Reflect on whether your relationship preference genuinely aligns with your long-term aims.

Ali Jackson, a dating and relationship coach based in New York, employs ChatGPT for some tasks – but she is not an evangelist. In the past six months or so, she states “every one” of her clients has approached her complaining about “chatfishing” or people who use AI to create everything on their dating apps – all the way down to the DMs they send. I asked Jackson if my rule against ChatGPT chumps was too harsh. She said no, go forth and judge, though it might reduce my dating pool – about 10% of the adult population now uses the tech.

“Ask yourself if your preference is really serving your long-term goals,” Jackson said. “In your case, I would presume that’s one of your principles, and it’s essential to find someone whose beliefs are aligned with yours.”

More People Voicing AI Apprehensions.

Other people experience the AI ick, and not just when it comes to dating. Ana Pereira, 26, lives in Brooklyn and does sound for various live music venues across the city. She fantasizes about accessing her phone settings and disabling AI features on all her apps, though tech platforms from Google to Spotify make it nearly impossible to disable. Pereira believes that using ChatGPT “shows such a lack of initiative”.

“It’s like you are unable to think for yourself, and you have to depend on an app for that,” she said.

Two of Pereira’s friends lately had a messy breakup. She sided with one of them after discovering the other turned to ChatGPT, a infamously poor therapy alternative, not their partner, when they needed to talk about their feelings. “It’s like they refused to sit through any uncomfortable human feelings,” she said. “They just wanted to deal with something and move on, which is not how things work.”

Suddenly I was unable to do it by myself. I was too reliant on AI to do the simplest things [at work].

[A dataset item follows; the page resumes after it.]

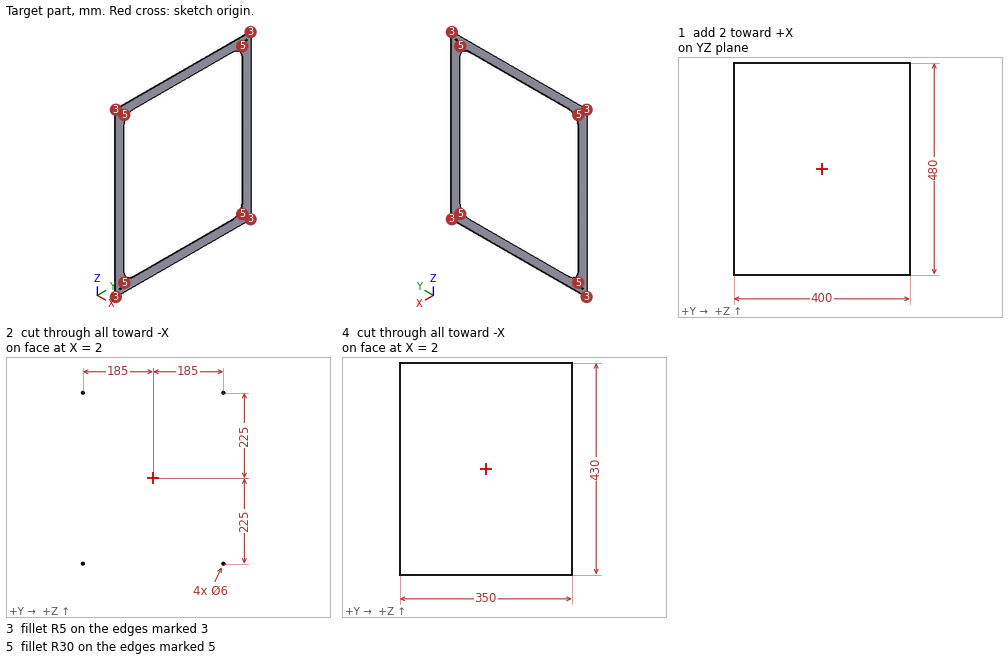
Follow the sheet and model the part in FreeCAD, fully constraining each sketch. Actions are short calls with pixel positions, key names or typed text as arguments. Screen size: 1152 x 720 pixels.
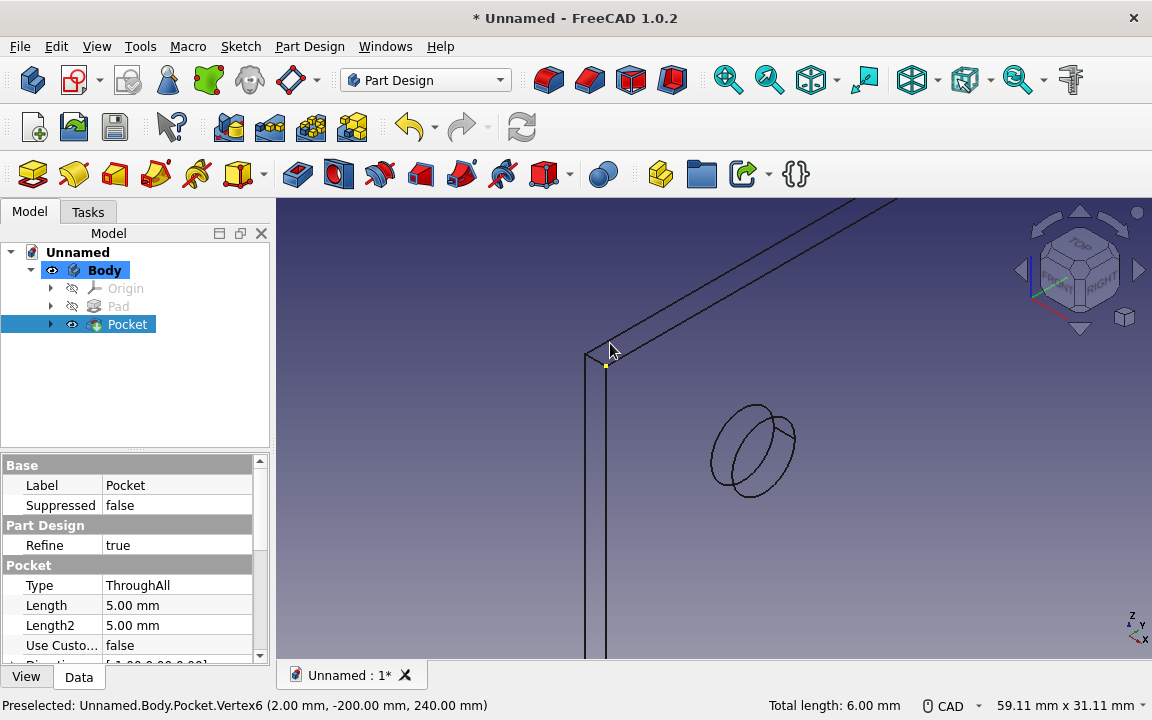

Richard Barnes, who is 31 and works as a marine biologist and restaurant server in Hawaii, is likewise weary. “I am not sure if I would think otherwise about someone who uses ChatGPT, but I would be like, ‘come on,’” he said. “You shouldn’t have to rely on it to make a grocery list. Your life is probably not that hard. We can make the list together.”

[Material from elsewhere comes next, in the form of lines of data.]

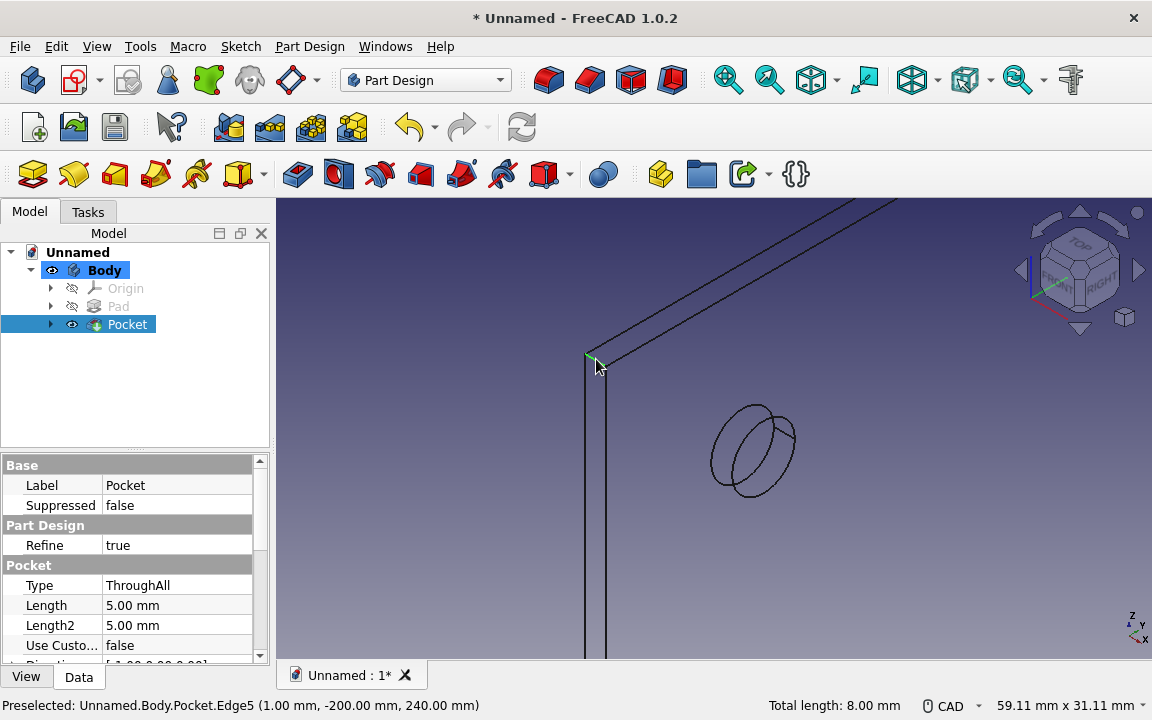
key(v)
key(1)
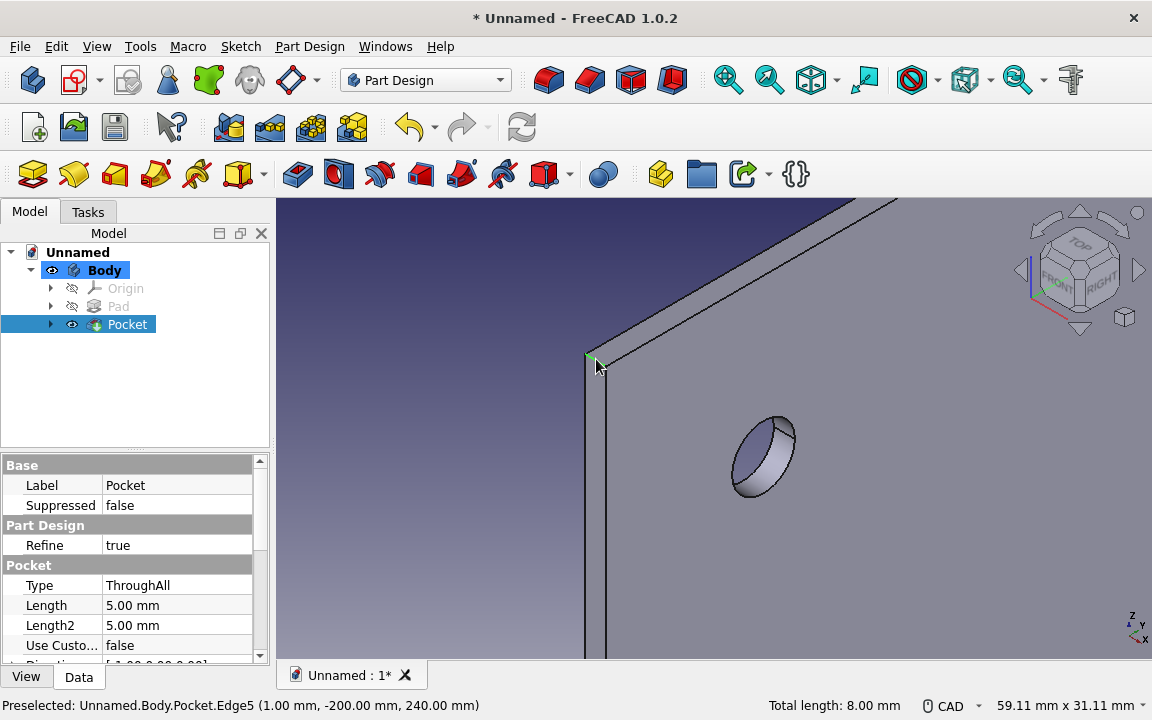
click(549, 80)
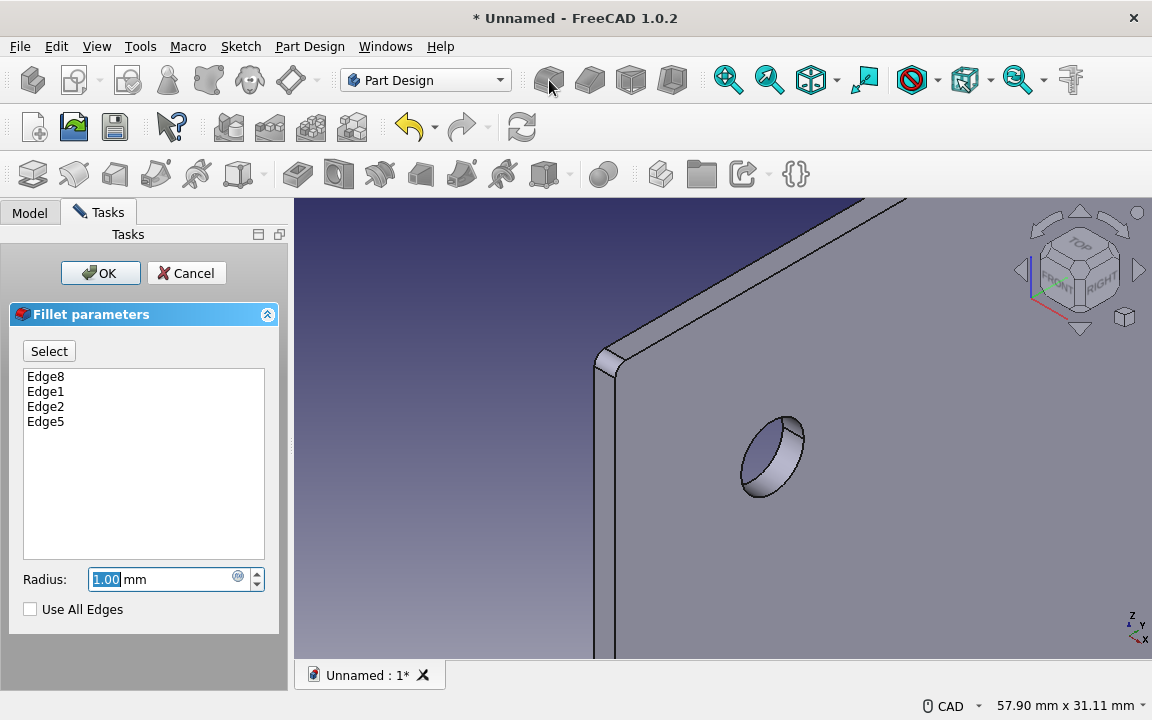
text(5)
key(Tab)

Well-Known Personalities and Tech Professionals Speaking Out.

Guillermo del Toro’s declaration that he’d “choose death” over using generative AI garnered significant coverage. Similarly, SZA’s Instagram stories rant against the tech cautioning about “environmental racism” and showing fear over users who are “codependent on a machine”. The same goes for when Simu Liu, Alison Roman, Céline Dion, Emily Blunt, and others issued statements that are skeptical of AI in their respective industries. I believe these quotes go viral for a reason: people agree with them.

This sentiment exists even among those in the tech industry. Last month, Pinterest added a filter that lets users disable AI content. Meta lets users hide, but not entirely deactivate, comparable slop on Instagram. Reports suggested that “cursor resistance” is on the rise, as some Silicon Valley professionals refuse to use AI to write their code.

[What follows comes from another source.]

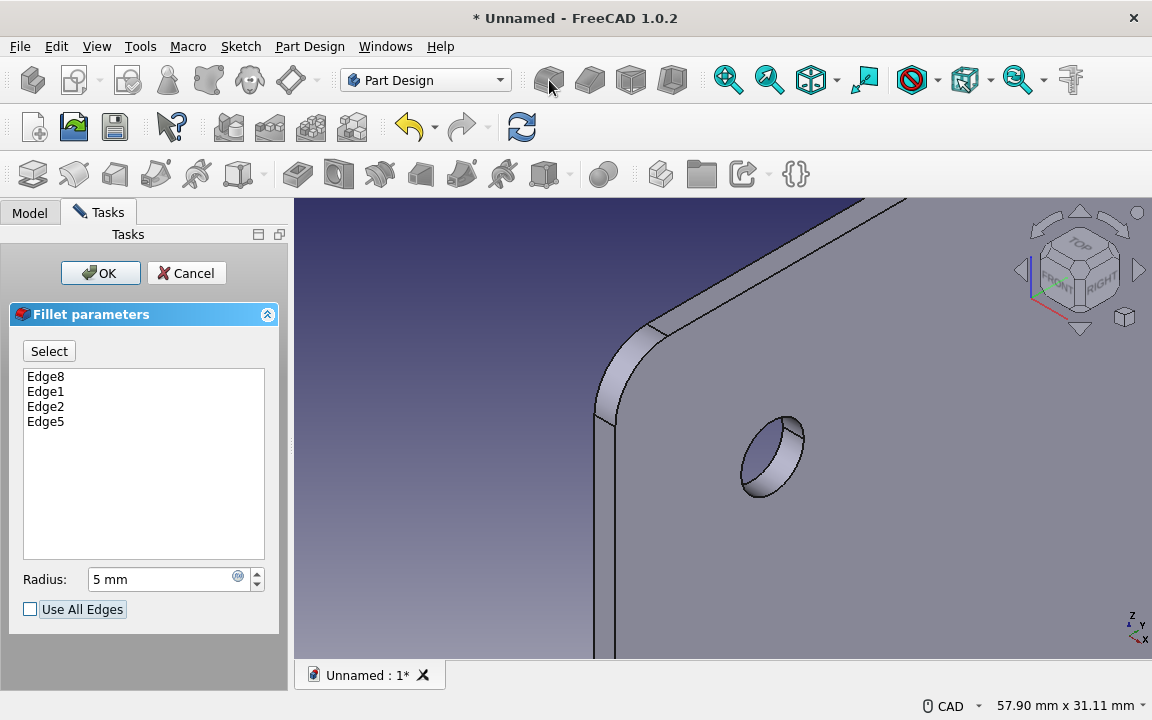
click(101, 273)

{Luciano Noijeen, a lead software engineer working in Greece and the Netherlands, told me that he enthusiastically used AI in the past to write or enhance his coding.|According to Luciano Noijeen, a {lead|

Eric Mcintyre
Eric Mcintyre

Elara Vance is a business strategist with over 15 years of experience in corporate consulting and entrepreneurship, specializing in digital transformation.